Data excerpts
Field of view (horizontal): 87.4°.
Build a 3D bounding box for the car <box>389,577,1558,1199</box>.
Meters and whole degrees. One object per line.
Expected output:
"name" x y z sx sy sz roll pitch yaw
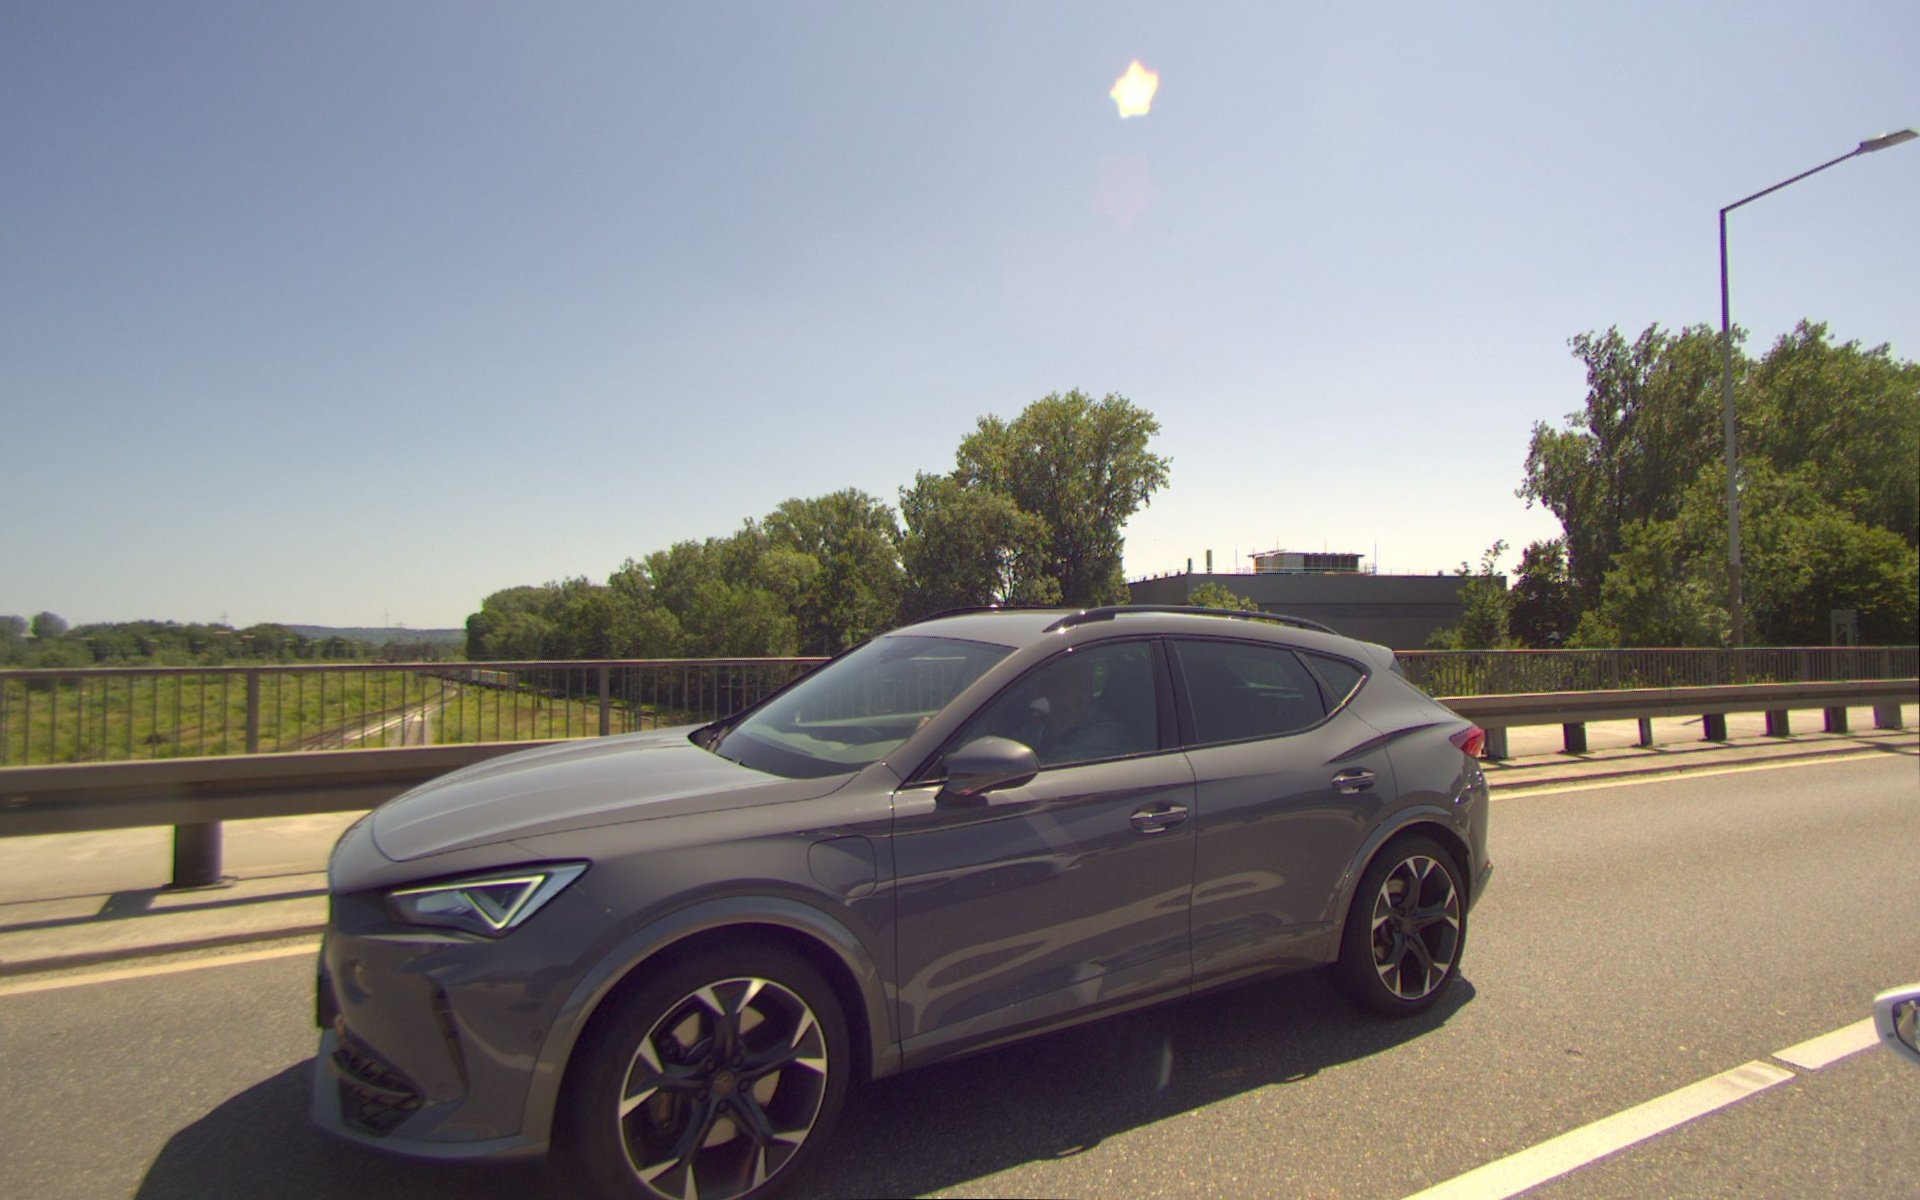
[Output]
"car" 0.225 0.768 3.822 4.145 1.528 1.767 1 -1 -30

:: Exercise directions ::
Here the job is to print all the entries above exactly, minus the images.

:: Expected output ::
Field of view (horizontal): 87.4°.
Build a 3D bounding box for the car <box>389,577,1558,1199</box>.
Meters and whole degrees. One object per line.
Expected output:
"name" x y z sx sy sz roll pitch yaw
[Output]
"car" 0.225 0.768 3.822 4.145 1.528 1.767 1 -1 -30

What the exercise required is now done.